One solution to help create more consistency and improve the outcomes of remote meetings is to let your technology do some of the work for you. Several of today's remote meetings products will actually guide you through the components of meeting best practices so you don't have to remember to initiate the follow-up yourself. This may seem like no big deal, but when you are booked back-to-back for a good portion of your day, finding the time to go back, reach out to the group, and clarify next steps can quickly get lost in the shuffle.

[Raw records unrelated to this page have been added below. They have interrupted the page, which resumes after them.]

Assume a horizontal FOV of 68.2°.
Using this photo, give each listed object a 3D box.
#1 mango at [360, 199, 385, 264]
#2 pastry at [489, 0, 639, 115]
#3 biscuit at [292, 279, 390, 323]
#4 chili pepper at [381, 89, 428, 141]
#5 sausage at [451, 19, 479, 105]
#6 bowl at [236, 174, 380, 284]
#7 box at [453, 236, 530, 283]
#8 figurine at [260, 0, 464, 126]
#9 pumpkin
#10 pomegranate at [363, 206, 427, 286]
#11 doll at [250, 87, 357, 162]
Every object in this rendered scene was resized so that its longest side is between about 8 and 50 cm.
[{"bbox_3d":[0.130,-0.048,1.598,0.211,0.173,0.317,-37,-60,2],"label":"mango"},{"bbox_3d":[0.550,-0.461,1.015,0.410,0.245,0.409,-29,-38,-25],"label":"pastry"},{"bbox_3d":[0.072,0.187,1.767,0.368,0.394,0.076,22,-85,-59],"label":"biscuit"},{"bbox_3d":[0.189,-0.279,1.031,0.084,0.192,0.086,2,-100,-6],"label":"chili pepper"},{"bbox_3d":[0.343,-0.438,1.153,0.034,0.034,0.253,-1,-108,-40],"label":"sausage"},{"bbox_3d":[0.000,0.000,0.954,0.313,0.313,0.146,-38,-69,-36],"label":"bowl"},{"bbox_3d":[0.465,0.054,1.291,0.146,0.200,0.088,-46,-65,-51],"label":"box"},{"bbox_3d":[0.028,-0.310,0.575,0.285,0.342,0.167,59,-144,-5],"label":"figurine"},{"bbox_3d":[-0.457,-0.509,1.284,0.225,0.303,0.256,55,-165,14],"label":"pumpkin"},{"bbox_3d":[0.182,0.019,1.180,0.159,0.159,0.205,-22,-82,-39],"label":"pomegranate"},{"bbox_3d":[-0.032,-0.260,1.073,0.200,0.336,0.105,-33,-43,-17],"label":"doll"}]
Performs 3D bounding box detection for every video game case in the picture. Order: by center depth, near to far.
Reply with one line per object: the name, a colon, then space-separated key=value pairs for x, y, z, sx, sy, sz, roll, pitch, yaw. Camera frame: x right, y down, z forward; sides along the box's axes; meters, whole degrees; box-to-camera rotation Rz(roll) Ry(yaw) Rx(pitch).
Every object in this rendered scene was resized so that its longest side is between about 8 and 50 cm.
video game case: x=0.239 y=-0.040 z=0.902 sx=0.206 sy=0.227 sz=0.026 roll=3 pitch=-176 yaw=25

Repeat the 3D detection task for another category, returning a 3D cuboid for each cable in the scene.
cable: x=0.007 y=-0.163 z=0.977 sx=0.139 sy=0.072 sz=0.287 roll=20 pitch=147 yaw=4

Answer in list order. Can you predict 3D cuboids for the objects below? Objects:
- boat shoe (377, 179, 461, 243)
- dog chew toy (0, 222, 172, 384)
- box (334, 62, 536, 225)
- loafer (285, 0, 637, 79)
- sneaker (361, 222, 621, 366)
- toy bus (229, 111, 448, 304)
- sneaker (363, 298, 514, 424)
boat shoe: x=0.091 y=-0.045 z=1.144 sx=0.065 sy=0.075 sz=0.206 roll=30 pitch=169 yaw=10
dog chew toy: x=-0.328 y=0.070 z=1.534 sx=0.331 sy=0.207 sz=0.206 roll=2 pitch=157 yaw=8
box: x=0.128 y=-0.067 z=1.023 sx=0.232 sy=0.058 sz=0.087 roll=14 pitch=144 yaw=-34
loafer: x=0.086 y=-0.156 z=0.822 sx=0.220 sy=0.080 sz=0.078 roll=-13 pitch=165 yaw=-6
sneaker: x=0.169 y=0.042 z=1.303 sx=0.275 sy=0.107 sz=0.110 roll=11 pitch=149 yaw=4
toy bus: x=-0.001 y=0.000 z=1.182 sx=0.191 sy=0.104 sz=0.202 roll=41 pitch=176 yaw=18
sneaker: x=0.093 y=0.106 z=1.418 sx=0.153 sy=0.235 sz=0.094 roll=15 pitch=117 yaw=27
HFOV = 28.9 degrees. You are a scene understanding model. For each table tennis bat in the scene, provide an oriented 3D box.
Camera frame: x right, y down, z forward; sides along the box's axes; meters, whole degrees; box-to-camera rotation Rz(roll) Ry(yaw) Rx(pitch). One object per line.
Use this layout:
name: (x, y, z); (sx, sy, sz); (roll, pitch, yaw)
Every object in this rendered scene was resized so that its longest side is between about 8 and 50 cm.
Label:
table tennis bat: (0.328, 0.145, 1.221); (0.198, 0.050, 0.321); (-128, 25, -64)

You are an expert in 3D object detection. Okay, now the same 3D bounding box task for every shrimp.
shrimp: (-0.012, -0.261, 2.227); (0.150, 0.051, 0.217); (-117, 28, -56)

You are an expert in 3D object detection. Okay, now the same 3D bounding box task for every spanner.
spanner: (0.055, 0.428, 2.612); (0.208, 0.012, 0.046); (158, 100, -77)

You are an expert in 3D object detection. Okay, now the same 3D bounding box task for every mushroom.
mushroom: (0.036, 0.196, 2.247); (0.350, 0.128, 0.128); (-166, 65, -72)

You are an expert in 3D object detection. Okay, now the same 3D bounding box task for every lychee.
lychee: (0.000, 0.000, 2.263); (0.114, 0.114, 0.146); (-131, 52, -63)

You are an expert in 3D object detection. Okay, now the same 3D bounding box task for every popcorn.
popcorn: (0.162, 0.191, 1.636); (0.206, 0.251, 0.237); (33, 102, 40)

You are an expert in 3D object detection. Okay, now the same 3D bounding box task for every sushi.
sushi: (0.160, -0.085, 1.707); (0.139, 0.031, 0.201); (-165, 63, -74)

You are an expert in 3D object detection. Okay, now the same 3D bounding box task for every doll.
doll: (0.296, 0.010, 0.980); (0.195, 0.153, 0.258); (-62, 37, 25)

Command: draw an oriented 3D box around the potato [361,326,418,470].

Check to see if your remote meeting solution includes a feature which may be called something like "call-end email." This type of feature not only summarizes who attended the meeting, the decisions made, and agreed upon next steps, but also provides meeting artifacts that will help move projects forward between meetings and ensure everyone is prepared before the next call. Artifacts are any supporting meeting files or links that will be useful for attendees to refer back to later. These may be agendas, presentations, or documents shared during the meeting, or links to shared folders or channels in Box, Google Docs, Salesforce.com data, etc. A meeting artifact could also be a recording of the meeting.

The content in the call-end email could be further useful for all attendees when inserted into other mainstream project management, workflow, and business collaboration tools such as Basecamp, Jira, Slack, or others. Additionally, with an automated call-end email, even those absent on any given week can catch up without delay, having the decisions made and required next steps in hand.

And finally, consider adding appropriate members of your senior management team or other relevant stakeholders who may not regularly attend your meetings as recipients of your call-end email as a way to get additional buy-in on your initiatives. This can go a long way in accelerating and improving overall results.

Most companies have more than one tool for remote meetings. Taking a few minutes to look into the features of each could solve hours of work and frustration down the road. Selecting the best technology for the job will provide greater clarity and lead to stronger accountability all around.

Achieving truly best-in-class collaboration takes both teamwork and technology. The right combination will undoubtedly lead to greater efficiency, better results and happier days. And who knows -- with better follow-up, you may even end up attracting those absentees or reducing the total number of remote meetings necessary in the long run.

After all, we all want fewer meetings.